When you feel you are under siege, anything is justified, and it is impossible to think critically about your behavior. The blinders are on and there’s no way to remove them. The Simon Wiesenthal Center sends out emails reassuring its Jewish customers with the phrase, “The light of hope, the light of freedom, the light of Jewish values and solidarity.” In their own impregnable self-image, Jews have higher ethical standards than anyone else—a light unto the nations. Israel is a paragon of moral behavior, no matter what the rest of the world thinks.
This reminded me of an article by Kim Chernin, writing in Tikkun in 2002 (discussed here, p. 11). She wonders why so many Jews “have trouble being critical of Israel.” She finds several obstacles to criticism of Israel:
A conviction that Jews are always in danger, always have been, and therefore are in danger now. Which leads to:
2. The insistence that a criticism is an attack and will lead to our destruction.

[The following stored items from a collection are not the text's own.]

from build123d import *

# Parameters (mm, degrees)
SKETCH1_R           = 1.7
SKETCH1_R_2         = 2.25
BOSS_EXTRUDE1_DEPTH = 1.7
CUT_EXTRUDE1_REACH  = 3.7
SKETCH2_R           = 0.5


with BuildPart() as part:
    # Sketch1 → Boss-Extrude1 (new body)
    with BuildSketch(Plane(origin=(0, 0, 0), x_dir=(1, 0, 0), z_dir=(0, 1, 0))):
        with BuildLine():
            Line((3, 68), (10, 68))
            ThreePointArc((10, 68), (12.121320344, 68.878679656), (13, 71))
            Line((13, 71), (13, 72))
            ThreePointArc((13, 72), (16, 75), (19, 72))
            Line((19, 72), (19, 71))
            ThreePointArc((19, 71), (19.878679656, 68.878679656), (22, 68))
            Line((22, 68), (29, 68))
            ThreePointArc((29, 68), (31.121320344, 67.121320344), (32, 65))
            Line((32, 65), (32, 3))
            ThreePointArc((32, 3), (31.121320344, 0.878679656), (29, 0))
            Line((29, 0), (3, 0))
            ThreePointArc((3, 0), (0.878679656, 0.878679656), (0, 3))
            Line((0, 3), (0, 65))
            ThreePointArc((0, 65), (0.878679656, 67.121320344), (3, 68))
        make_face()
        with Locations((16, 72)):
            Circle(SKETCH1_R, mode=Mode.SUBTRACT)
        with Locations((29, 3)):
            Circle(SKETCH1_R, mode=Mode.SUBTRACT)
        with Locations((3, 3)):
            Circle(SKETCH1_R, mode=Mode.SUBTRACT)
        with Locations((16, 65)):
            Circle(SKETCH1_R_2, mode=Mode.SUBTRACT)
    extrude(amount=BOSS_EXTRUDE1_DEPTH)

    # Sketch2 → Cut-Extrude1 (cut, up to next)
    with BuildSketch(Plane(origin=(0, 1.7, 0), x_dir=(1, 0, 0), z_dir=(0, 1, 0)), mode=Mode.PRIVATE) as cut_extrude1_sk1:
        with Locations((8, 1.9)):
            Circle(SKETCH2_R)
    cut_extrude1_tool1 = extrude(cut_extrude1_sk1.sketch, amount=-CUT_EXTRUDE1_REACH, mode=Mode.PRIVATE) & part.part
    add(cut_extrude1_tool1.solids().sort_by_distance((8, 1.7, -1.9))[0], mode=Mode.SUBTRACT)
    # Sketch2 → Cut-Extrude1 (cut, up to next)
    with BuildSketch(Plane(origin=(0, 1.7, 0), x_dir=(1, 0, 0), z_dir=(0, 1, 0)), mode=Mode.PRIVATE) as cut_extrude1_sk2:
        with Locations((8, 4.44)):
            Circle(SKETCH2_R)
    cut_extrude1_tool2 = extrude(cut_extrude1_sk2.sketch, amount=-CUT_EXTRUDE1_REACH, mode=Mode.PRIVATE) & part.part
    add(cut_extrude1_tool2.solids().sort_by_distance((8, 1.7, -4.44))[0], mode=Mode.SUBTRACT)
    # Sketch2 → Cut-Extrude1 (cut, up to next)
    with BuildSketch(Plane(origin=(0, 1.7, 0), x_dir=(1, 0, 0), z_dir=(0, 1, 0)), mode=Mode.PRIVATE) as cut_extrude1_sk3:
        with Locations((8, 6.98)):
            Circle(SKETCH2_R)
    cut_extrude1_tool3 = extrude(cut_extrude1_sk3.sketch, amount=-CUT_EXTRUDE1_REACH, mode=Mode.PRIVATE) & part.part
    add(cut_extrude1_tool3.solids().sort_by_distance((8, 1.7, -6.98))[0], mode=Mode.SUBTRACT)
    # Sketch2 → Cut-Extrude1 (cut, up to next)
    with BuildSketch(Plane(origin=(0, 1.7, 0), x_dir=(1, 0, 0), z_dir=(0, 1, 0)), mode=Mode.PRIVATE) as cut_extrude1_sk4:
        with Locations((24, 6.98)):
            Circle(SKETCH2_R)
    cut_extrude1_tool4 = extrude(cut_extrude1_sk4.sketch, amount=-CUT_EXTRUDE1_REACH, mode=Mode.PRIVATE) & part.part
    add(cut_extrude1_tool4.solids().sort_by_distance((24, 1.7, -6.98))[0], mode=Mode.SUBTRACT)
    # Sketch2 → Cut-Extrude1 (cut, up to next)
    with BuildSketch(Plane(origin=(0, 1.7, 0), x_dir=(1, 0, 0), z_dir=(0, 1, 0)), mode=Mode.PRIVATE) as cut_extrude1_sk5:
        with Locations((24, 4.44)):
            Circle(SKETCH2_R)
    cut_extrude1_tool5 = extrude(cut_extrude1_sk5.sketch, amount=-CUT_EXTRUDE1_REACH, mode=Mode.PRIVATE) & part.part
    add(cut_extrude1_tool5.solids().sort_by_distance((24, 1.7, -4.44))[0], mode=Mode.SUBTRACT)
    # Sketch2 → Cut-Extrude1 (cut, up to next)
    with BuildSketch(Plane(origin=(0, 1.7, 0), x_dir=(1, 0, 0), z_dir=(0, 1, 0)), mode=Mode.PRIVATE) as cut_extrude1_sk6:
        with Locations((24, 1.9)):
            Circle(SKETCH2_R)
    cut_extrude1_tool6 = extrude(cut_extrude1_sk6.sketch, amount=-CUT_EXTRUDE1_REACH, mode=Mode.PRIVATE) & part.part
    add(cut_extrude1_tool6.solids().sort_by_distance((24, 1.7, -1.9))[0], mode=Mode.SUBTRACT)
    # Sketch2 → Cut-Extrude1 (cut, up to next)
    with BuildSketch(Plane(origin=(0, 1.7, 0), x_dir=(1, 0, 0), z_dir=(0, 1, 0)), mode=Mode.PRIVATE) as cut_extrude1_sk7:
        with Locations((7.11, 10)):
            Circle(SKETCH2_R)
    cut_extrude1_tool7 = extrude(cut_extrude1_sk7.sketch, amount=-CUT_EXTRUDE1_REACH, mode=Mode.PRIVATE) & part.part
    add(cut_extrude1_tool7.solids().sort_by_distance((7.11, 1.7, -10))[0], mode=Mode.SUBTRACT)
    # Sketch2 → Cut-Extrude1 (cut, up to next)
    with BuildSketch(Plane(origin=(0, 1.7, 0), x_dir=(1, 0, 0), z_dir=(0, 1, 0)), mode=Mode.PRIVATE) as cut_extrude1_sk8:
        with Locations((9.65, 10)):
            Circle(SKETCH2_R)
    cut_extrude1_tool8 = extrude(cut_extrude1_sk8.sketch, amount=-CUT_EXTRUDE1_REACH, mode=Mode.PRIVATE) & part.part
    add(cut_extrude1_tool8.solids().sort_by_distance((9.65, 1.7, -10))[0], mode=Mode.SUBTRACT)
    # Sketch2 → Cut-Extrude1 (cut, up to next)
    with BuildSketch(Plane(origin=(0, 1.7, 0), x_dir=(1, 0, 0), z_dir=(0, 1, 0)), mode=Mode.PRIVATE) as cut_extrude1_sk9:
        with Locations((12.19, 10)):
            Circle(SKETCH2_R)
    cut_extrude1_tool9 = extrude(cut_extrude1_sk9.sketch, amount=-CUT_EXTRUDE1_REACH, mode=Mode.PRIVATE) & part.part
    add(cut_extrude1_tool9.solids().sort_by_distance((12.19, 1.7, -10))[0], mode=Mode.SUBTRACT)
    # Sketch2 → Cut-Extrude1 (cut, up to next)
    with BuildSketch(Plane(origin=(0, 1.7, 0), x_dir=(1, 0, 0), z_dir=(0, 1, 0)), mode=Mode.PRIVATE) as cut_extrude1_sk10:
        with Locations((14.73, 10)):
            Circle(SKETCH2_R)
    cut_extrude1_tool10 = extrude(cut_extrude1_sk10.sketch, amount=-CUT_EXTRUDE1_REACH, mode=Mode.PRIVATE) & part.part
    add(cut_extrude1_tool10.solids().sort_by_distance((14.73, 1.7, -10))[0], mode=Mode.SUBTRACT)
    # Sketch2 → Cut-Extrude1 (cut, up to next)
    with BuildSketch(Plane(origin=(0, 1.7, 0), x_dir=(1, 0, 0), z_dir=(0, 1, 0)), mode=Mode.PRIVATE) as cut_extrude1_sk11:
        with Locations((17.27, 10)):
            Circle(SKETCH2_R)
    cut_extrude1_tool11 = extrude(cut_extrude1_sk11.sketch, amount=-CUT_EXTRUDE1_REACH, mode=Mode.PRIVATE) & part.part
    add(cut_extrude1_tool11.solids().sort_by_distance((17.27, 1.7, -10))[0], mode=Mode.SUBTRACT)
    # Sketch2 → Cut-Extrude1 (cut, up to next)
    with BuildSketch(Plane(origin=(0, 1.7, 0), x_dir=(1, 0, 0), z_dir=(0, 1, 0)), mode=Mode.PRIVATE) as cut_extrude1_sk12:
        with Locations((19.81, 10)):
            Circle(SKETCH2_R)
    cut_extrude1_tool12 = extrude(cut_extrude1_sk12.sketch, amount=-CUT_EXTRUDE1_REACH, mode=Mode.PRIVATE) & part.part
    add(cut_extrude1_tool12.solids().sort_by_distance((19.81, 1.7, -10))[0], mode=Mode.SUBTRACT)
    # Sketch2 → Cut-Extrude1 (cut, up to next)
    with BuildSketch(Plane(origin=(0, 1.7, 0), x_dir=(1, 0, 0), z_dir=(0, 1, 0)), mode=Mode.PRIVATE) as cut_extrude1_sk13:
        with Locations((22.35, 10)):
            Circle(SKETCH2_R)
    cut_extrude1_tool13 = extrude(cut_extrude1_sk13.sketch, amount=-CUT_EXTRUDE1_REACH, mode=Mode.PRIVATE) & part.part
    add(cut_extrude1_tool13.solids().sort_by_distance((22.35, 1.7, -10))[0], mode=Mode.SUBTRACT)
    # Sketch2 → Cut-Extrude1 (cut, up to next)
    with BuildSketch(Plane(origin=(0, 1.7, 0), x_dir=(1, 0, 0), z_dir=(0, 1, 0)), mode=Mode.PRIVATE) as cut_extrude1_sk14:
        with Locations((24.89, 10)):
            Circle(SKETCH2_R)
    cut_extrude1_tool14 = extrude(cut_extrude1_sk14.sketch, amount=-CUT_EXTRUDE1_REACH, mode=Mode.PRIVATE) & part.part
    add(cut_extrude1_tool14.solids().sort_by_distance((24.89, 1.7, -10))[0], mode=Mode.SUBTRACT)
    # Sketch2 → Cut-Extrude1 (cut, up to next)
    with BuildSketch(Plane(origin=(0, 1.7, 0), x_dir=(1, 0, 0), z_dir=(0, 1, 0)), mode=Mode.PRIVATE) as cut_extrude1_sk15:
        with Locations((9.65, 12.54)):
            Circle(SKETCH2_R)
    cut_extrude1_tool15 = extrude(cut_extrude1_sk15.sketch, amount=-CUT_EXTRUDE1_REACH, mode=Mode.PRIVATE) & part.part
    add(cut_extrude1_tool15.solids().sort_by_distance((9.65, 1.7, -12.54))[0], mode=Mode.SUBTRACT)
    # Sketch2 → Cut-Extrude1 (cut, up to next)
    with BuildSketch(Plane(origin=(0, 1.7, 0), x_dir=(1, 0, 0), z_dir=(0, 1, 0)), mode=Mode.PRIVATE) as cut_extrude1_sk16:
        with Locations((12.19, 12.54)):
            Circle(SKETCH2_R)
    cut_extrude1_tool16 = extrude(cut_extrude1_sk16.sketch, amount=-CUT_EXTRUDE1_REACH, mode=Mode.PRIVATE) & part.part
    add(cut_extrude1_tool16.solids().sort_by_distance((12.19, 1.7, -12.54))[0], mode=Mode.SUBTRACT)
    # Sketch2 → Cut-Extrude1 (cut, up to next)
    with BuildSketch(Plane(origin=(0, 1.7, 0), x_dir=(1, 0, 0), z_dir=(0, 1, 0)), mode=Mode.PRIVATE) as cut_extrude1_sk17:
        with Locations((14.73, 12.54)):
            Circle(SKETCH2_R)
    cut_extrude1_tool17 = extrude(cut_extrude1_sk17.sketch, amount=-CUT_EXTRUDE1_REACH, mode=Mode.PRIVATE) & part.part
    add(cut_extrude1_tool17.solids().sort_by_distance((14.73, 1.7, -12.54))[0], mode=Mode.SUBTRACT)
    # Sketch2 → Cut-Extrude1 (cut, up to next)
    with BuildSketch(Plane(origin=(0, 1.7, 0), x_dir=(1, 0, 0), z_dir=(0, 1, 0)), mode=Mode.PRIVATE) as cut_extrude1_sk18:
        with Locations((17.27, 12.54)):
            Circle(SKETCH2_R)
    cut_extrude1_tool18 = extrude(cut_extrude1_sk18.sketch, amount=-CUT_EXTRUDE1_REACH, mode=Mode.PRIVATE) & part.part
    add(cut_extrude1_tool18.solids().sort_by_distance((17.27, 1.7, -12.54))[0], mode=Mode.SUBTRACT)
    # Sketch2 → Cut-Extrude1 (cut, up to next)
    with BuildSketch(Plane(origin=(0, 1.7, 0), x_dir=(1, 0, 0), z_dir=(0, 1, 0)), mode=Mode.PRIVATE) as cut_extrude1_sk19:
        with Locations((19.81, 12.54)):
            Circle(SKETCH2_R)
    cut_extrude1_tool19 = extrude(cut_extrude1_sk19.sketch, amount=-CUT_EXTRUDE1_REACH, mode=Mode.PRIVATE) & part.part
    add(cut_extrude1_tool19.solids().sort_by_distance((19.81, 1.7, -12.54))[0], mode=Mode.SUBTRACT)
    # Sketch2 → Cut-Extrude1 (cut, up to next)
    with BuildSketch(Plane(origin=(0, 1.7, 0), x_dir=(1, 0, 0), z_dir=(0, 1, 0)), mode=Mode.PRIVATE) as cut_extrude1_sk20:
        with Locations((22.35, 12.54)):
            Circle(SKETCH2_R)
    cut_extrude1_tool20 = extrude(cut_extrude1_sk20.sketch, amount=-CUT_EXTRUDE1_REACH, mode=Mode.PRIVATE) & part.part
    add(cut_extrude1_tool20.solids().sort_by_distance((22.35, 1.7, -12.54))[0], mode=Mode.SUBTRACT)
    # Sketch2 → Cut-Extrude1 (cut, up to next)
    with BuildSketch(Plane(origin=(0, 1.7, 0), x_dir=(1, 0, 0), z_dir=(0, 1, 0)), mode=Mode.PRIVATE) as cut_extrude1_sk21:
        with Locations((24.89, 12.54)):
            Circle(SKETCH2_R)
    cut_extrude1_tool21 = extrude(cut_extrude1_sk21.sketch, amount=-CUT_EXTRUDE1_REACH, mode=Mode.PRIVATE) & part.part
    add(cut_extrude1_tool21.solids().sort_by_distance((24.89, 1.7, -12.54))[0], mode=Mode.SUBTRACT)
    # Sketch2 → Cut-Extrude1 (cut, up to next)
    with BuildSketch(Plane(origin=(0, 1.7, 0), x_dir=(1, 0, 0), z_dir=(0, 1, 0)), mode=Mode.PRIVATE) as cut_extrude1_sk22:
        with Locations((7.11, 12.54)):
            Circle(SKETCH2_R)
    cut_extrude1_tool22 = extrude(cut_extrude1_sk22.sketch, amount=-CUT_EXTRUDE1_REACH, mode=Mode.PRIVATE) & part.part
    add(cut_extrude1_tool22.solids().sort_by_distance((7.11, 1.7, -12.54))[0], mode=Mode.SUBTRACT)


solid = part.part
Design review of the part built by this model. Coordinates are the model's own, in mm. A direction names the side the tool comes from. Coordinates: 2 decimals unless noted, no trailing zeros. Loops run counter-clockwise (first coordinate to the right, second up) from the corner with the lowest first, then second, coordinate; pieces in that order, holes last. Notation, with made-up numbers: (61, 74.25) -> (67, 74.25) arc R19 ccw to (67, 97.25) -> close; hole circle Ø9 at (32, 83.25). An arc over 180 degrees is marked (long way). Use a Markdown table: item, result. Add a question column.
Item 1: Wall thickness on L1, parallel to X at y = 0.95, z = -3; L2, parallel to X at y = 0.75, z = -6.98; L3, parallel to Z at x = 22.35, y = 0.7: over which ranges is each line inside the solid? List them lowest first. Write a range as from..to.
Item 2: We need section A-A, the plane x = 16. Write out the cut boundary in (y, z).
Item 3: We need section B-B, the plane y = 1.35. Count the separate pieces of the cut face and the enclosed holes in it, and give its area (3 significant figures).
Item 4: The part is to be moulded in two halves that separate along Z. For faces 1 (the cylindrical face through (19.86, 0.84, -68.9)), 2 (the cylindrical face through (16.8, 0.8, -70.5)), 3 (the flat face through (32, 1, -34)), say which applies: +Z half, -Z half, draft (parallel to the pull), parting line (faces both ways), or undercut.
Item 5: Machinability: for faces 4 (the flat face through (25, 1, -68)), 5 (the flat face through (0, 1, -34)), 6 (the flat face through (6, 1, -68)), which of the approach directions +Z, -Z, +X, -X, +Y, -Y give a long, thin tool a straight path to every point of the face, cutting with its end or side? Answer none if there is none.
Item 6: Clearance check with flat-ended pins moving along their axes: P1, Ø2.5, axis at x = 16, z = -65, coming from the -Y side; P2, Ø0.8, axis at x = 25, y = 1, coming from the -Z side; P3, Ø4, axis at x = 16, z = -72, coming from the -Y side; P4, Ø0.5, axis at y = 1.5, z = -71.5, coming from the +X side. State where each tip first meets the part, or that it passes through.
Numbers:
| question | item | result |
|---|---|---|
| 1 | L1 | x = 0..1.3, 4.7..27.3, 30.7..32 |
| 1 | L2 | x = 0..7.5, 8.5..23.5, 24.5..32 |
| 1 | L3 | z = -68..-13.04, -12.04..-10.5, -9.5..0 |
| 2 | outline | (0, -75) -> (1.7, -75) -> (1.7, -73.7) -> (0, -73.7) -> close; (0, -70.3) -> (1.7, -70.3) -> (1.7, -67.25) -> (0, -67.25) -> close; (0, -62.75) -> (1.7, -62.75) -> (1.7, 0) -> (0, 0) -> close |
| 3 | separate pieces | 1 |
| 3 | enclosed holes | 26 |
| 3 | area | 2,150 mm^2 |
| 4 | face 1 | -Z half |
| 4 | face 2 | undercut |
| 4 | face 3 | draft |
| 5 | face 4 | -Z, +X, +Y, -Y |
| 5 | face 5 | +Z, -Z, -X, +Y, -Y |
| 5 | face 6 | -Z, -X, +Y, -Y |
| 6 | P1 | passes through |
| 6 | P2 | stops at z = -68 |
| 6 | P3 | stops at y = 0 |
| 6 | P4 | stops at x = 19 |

Which is rooted in:
3. The supposition that any negativity towards Jews (or Israel) is a sign of anti-Semitism and will (again, inevitably) lead to our destruction. . . .

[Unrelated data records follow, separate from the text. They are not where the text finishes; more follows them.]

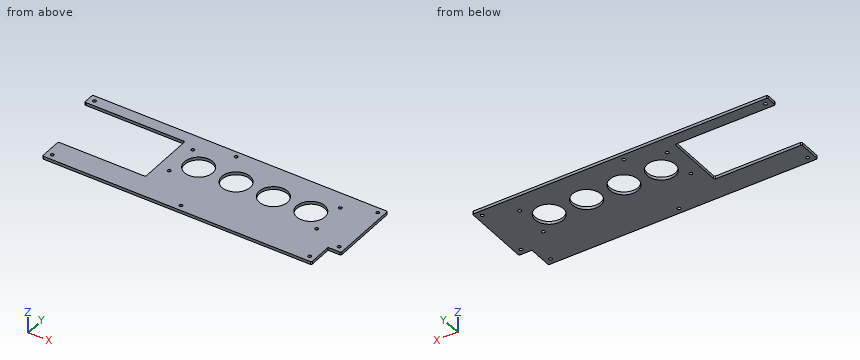
Autodesk Inventor part; units mm, degrees
ref_plane "YZ Plane" through (0, 0, 0) normal (1, 0, 0) x (0, 1, 0)
ref_plane "XZ Plane" through (0, 0, 0) normal (0, 1, 0) x (-1, 0, 0)
ref_plane "XY Plane" through (0, 0, 0) normal (0, 0, 1) x (1, 0, 0)
sketch "Sketch1" plane through (0, 0, 0) normal (0, 0, 1) x (1, 0, 0)
  line L0 (500, 160) -> (0, 160)
  line L1 (0, 160) -> (0, 140)
  line L2 (478, 0) -> (478, 42)
  line L3 (478, 42) -> (500, 42)
  line L4 (500, 42) -> (500, 160)
  line L5 (0, 0) -> (22, 0)
  line L6 (22, 0) -> (22, 40)
  line L7 (22, 0) -> (478, 0)
  line L8 (0, 42) -> (0, 0)
  line L9 (0, 140) -> (170, 140)
  line L10 (170, 140) -> (170, 40)
  line L11 (170, 40) -> (22, 40)
  line L12 (0, 56) -> (0, 42)
  dimension "d1" = 500
  dimension "d6" = 22
  dimension "d46" = 42
  dimension "d47" = 160
  dimension "d52" = 20
  dimension "d53" = 170
  dimension "d54" = 40
extrude "Extrusion1" add sketch "Sketch1" along normal blind 5
sketch "Sketch2" plane through (0, 0, 5) normal (0, 0, 1) x (1, 0, 0)
  circle A0 centre (32, 10) radius 2.75
  circle A1 centre (468, 10) radius 2.75
  circle A2 centre (10, 150) radius 2.75
  circle A3 centre (490, 150) radius 2.75
  circle A4 centre (490, 52) radius 2.75
  line L0 (500, 160) -> (0, 160)
  line L1 (500, 42) -> (500, 160)
  line L2 (478, 42) -> (500, 42)
  line L3 (478, 0) -> (478, 42)
  circle A5 centre (190, 130) radius 3.25
  circle A6 centre (440, 130) radius 3.25
  circle A7 centre (190, 70) radius 3.25
  circle A8 centre (440, 70) radius 3.25
  line L4 (0, 160) -> (0, 140)
  line L5 (22, 0) -> (478, 0)
  line L6 (22, 40) -> (22, 0)
  circle A9 centre (250, 150) radius 2.75
  circle A10 centre (250, 10) radius 2.75
  dimension "d9" = 5.5
  dimension "d10" = 10
  dimension "d12" = 10
  dimension "d13" = 10
  dimension "d14" = 10
  dimension "d15" = 10
  dimension "d16" = 10
  dimension "d20" = 5.5
  dimension "d21" = 5.5
  dimension "d22" = 5.5
  dimension "d23" = 5.5
  dimension "d34" = 60
  dimension "d35" = 60
  dimension "d38" = 30
  dimension "d39" = 6.5
  dimension "d40" = 6.5
  dimension "d41" = 6.5
  dimension "d42" = 6.5
  dimension "d43" = 30
  dimension "d55" = 70
  dimension "d56" = 190
  dimension "d57" = 190
  dimension "d58" = 10
  dimension "d59" = 10
  dimension "d60" = 10
  dimension "d61" = 10
  dimension "d62" = 70
  dimension "d63" = 10
  dimension "d64" = 10
  dimension "d65" = 5.5
  dimension "d66" = 5.5
  dimension "d67" = 250
  dimension "d68" = 250
fillet "Fillet1" radius 2 9 edges at (500, 160, 2.5) (500, 42, 2.5) (0, 160, 2.5) (478, 0, 2.5) (22, 0, 2.5) (22, 40, 2.5) (0, 140, 2.5) (170, 140, 2.5) (170, 40, 2.5)
hole "Hole6" at (10, 150, 5) at (250, 150, 5) at (490, 150, 5) at (490, 52, 5) at (468, 10, 5) at (250, 10, 5) at (32, 10, 5) at (190, 130, 5) at (190, 70, 5) at (440, 130, 5) at (440, 70, 5) direction (0, 0, -1) diameter 5.5 end through all
sketch "Sketch4" plane through (0, 0, 5) normal (0, 0, 1) x (1, 0, 0)
  circle A0 centre (220, 100) radius 24
  circle A1 centre (283.3333, 100) radius 24
  circle A2 centre (346.6667, 100) radius 24
  circle A3 centre (410, 100) radius 24
  circle A4 centre (190, 130) radius 2.75
  line L0 (207.2246, 100) -> (486.1087, 100) construction
  point P0 (0, 0)
  dimension "d115" = 30
  dimension "d116" = 30
  dimension "d117" = 63.3333
  dimension "d118" = 63.3333
  dimension "d119" = 63.3333
  dimension "d120" = 48
  dimension "d121" = 48
  dimension "d122" = 48
  dimension "d123" = 48
extrude "Extrusion2" cut sketch "Sketch4" against normal blind 10 contours A0 | A1 | A2 | A3
equation "\"d12\" = d10"
equation "\"d13\" = d10"
equation "\"d14\" = d10"
equation "\"d15\" = d10"
equation "\"d16\" = d10"
equation "\"d20\" = d9"
equation "\"d21\" = d9"
equation "\"d22\" = d9"
equation "\"d23\" = d9"
equation "\"d35\" = d34"
equation "\"d40\" = d39"
equation "\"d41\" = d39"
equation "\"d42\" = d39"
equation "\"d43\" = d38"
equation "\"d57\" = d56"
equation "\"d58\" = d10"
equation "\"d59\" = d10"
equation "\"d60\" = d10"
equation "\"d61\" = d10"
equation "\"d62\" = d55"
equation "\"d63\" = d10"
equation "\"d64\" = d10"
equation "\"d65\" = d9"
equation "\"d66\" = d9"
equation "\"d68\" = d67"
equation "\"d97\" = d9"
equation "\"d118\" = d117"
equation "\"d119\" = d117"
equation "\"d121\" = d120"
equation "\"d122\" = d120"
equation "\"d123\" = d120"
properties part number "BasePlate"
The model under review builds one solid part; all positions refer to its coordinate system, in mm. Give positions to 0.01 mm unless a question says otherwise; leave off trailing zeros. Write each loop counter-clockwise with the first axis right and the second up, starting at its lowest first coordinate (ties: lowest second). Pieces come first, ordered by that corner, then holes.
(1) Consider section A-A, the plane x = 410. Give the boundary of the cut face in (y, z).
(2) Consider section D-D, the plane x = 121.5. Give the boundary of the cut face in (y, z), and give its area (3 significant figures).
(3) Consider section C-C, the plane y = 107.5. Give the boundary of the cut face in (x, z).
(4) To check wall thickness, follow L1, parallel to Y at x = 250, z = 3.7; L2, parallel to Y at x = 117, z = 1.7; L3, parallel to Y at x = 468, z = 3.55. State the ranges of each line that lie inside material, in increasing order.
(5) Consider section B-B, the plane z = 1.35. Give the number of separate pieces and of enclosed holes in the cut face, and give its area (3 significant figures).
(6) For P1, Ø4, axis at x = 317.5, y = 39, coming from the -Z side; P2, Ø1.5, axis at x = 484, z = 3.5, coming from the -Y side; P3, Ø5, axis at x = 250, y = 150, coming from the -Z side (1 decimal); P4, Ø2.5, axis at y = 88.5, z = 2.5, coming from the -X side, all flat-tipped, find the tip position at first contact; note any pin that passes through.
Returned:
1. outline: (0, 0) - (76, 0) - (76, 5) - (0, 5) - close; (124, 0) - (160, 0) - (160, 5) - (124, 5) - close
2. outline: (0, 0) - (40, 0) - (40, 5) - (0, 5) - close; (140, 0) - (160, 0) - (160, 5) - (140, 5) - close
2. area: 300 mm2
3. outline: (170, 0) - (197.2, 0) - (197.2, 5) - (170, 5) - close; (242.8, 0) - (260.54, 0) - (260.54, 5) - (242.8, 5) - close; (306.13, 0) - (323.87, 0) - (323.87, 5) - (306.13, 5) - close; (369.46, 0) - (387.2, 0) - (387.2, 5) - (369.46, 5) - close; (432.8, 0) - (500, 0) - (500, 5) - (432.8, 5) - close
4. L1: y = 0 to 7.25, 12.75 to 147.25, 152.75 to 160
4. L2: y = 0 to 40, 140 to 160
4. L3: y = 0 to 7.25, 12.75 to 160
5. separate pieces: 1
5. enclosed holes: 15
5. area: 53,700 mm2
6. P1: stops at z = 0
6. P2: stops at y = 42
6. P3: passes through
6. P4: stops at x = 170

6. An even more hidden belief that a sufficient amount of suffering confers the right to violence. . . .
7. The conviction that our beliefs, our ideology (or theology), matter more than the lives of other human beings.
Chernin describes how this plays out:
We keep a watchful eye out, we read the signs, we detect innuendo, we summon evidence, we become, as we imagine it, the ever-vigilant guardians of our people’s survival. Endangered as we imagine ourselves to be; endangered as we insist we are, any negativity, criticism, or reproach, even from one of our own [like Blumenthal], takes on exaggerated dimensions; we come to perceive such criticism as a life-threatening attack. The path to fear is clear. But our proclivity for this perception is itself one of our unrecognized dangers. Bit by bit, as we gather evidence to establish our perilous position in the world, we are brought to a selective perception of that world. With our attention focused on ourselves as the endangered species, it seems to follow that we ourselves can do no harm. . . . When I lived in Israel I practiced selective perception. I was elated by our little kibbutz on the Lebanese border until I recognized that we were living on land that had belonged to our Arab neighbors. When I didn’t ask how we had come to acquire that land, I practiced blindness. . . .
Wherever we look, we see nothing but impending Jewish destruction. . . . I was walking across the beautiful square in Nuremberg a couple of years ago and stopped to read a public sign. It told this story: During the Middle Ages, the town governing body, wishing to clear space for a square, burned out, burned down, and burned up the Jews who had formerly filled up the space. End of story. After that, I felt very uneasy walking through the square and I eventually stopped doing it. I felt endangered, of course, a woman going about through Germany wearing a star of David. But more than that, I experienced a conspicuous and dreadful self-reproach at being so alive, so happily on vacation, now that I had come to think about the murder of my people hundreds of years before. After reading that plaque I stopped enjoying myself and began to look for other signs and traces of the mistreatment of the former Jewish community. If I had stayed longer in Nuremberg, if I had gone further in this direction, I might soon have come to believe that I, personally, and my people, currently, were threatened by the contemporary Germans eating ice cream in an outdoor cafe in the square. How much more potent this tendency for alarm must be in the Middle East, in the middle of a war zone! . . .
This is intense ethnocentrism with a peculiarly Jewish twist—ethnic paranoia might be a better term. Even when things seem really good, death and destruction are only moments away, and that justifies taking any and all measures to ensure the safety of the group. Every event is seen through the eyes of the group—an extreme form of collectivism foreign to the Western tradition of individualism.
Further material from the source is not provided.